You are viewing a plain text version of this content. The canonical link for it is here.
Posted to users@tomcat.apache.org by Allistair Crossley <Al...@QAS.com> on 2004/09/01 10:50:11 UTC

RE: ++ Best practive ?? ++ (JSP-->Servlet-->Database) character encoding.

We had to look at several areas:

1. JSP pageEncoding

<%@ page contentType="text/html; charset=UTF-8" %>

This ensures that the JSPs will display pretty much everything. Actually, our SQL Server database runs Latin1_General_CI_AS (which does include euro). 
2. Database Connection URL

jdbc:jtds:sqlserver://intratestgbr:1433/db_iQ;charset=Cp1252;TDS=7.0

We discovered that we _had_ to talk to the database using an encoding it understood.

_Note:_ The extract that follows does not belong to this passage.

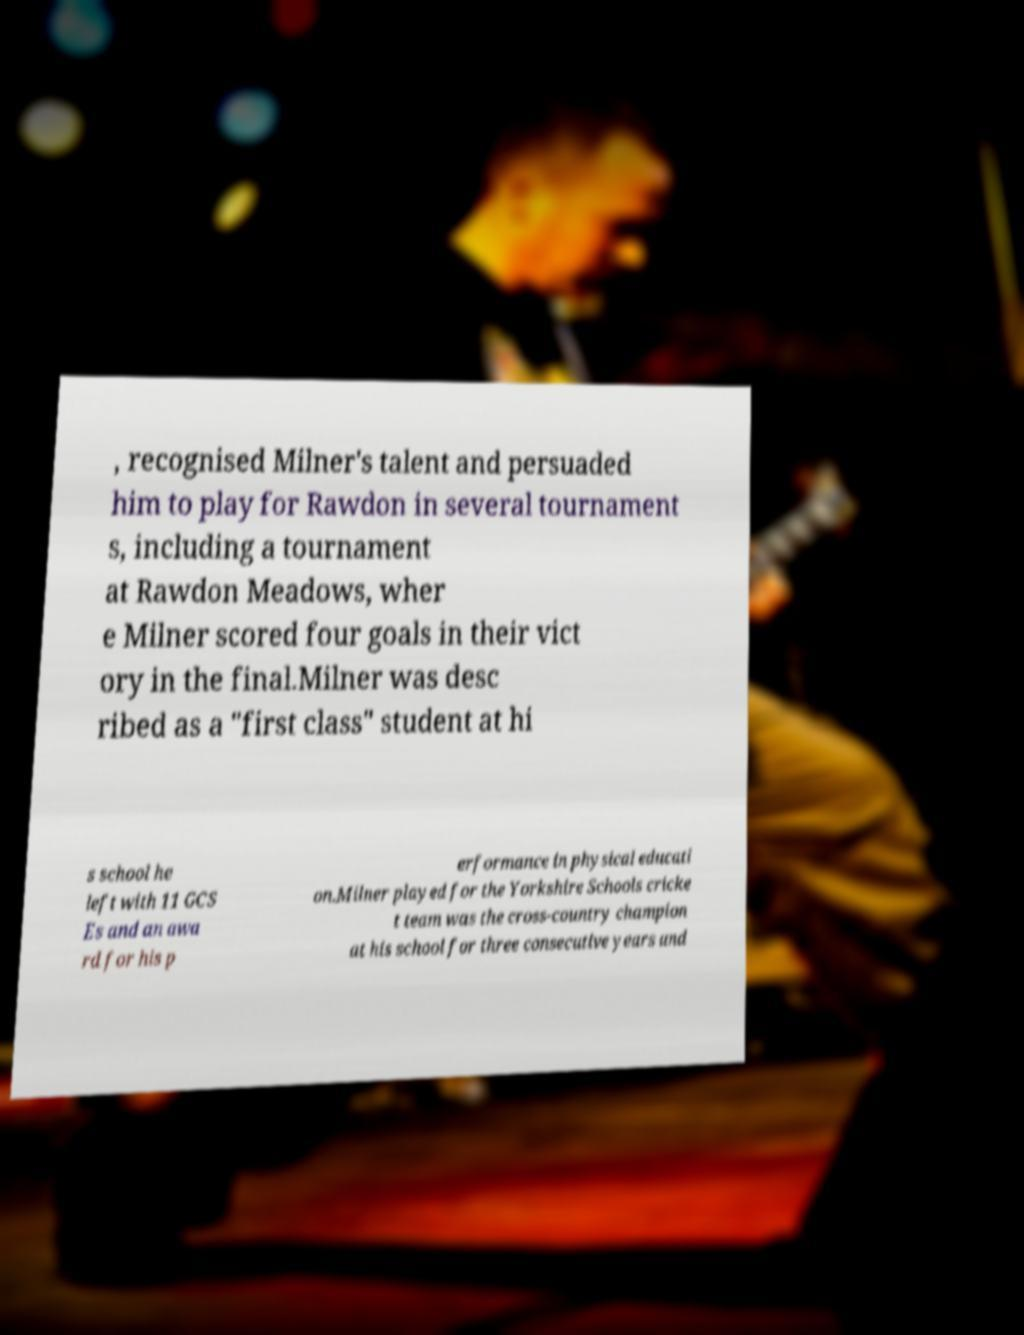Please read and relay the text visible in this image. What does it say? , recognised Milner's talent and persuaded him to play for Rawdon in several tournament s, including a tournament at Rawdon Meadows, wher e Milner scored four goals in their vict ory in the final.Milner was desc ribed as a "first class" student at hi s school he left with 11 GCS Es and an awa rd for his p erformance in physical educati on.Milner played for the Yorkshire Schools cricke t team was the cross-country champion at his school for three consecutive years and 
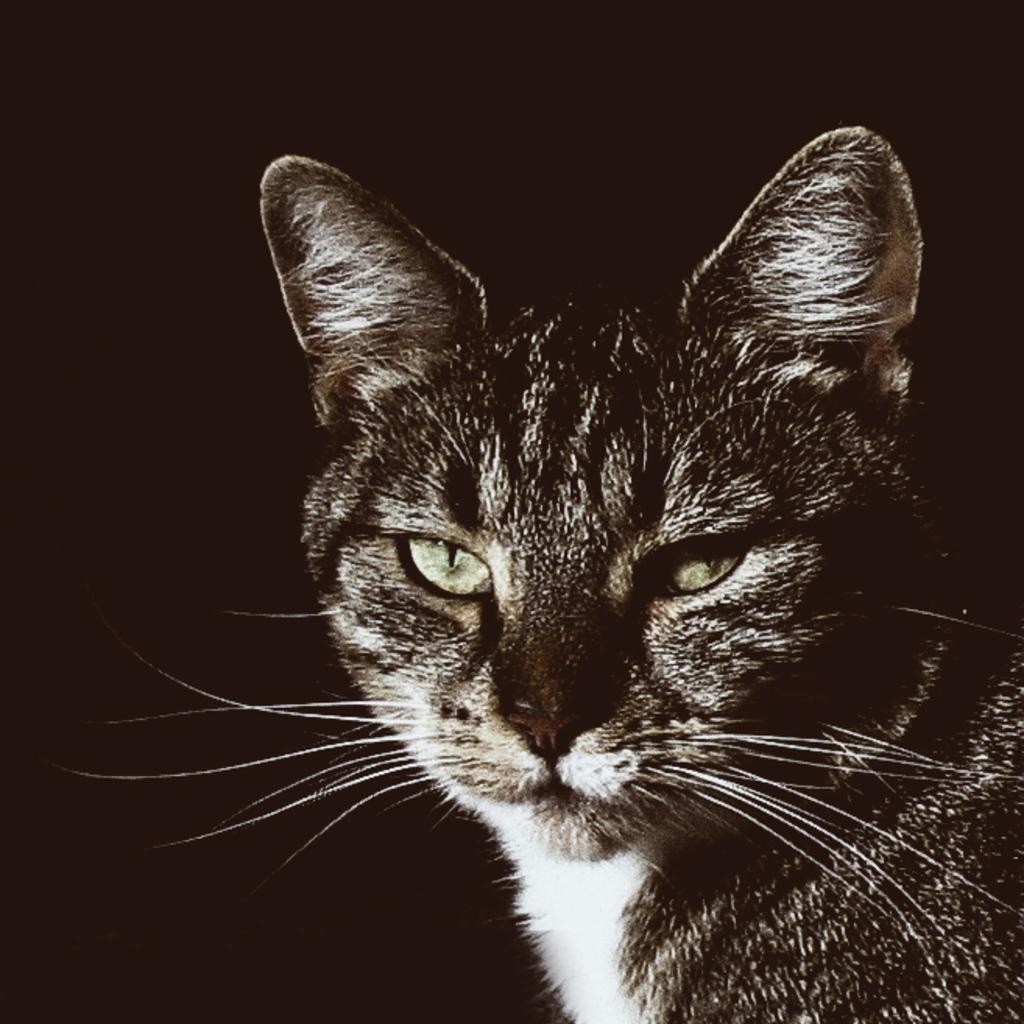What type of animal is in the image? There is a cat in the image. What can be observed about the background of the image? The background of the image is dark. What type of food does the cat enjoy in the image? There is no information about the cat's food preferences in the image. What hobbies does the cat have, as depicted in the image? There is no information about the cat's hobbies in the image.

It turned out that Cp1252 was actually Latin1_General_CI_AS, so we make sure the character encoding is set on our database driver.

3. Request Character Encoding

Taken from http://weblogs.java.net/pub/wlg/1078

Submitting information via a HTML form. Most browsers don't appear to send back a charset in the request that corresponds to the encoding that was used to format the page. In this case, the request character encoding defaults to ISO-8859-1 meaning that there's potentially a mismatch between form data being sent (in UTF-8) and information retrieved from the request (in ISO-8859-1) using the getParameter() method on the HttpServletRequest class. To fix this, all you need to do is explicitly set the character encoding of the request before accessing data. 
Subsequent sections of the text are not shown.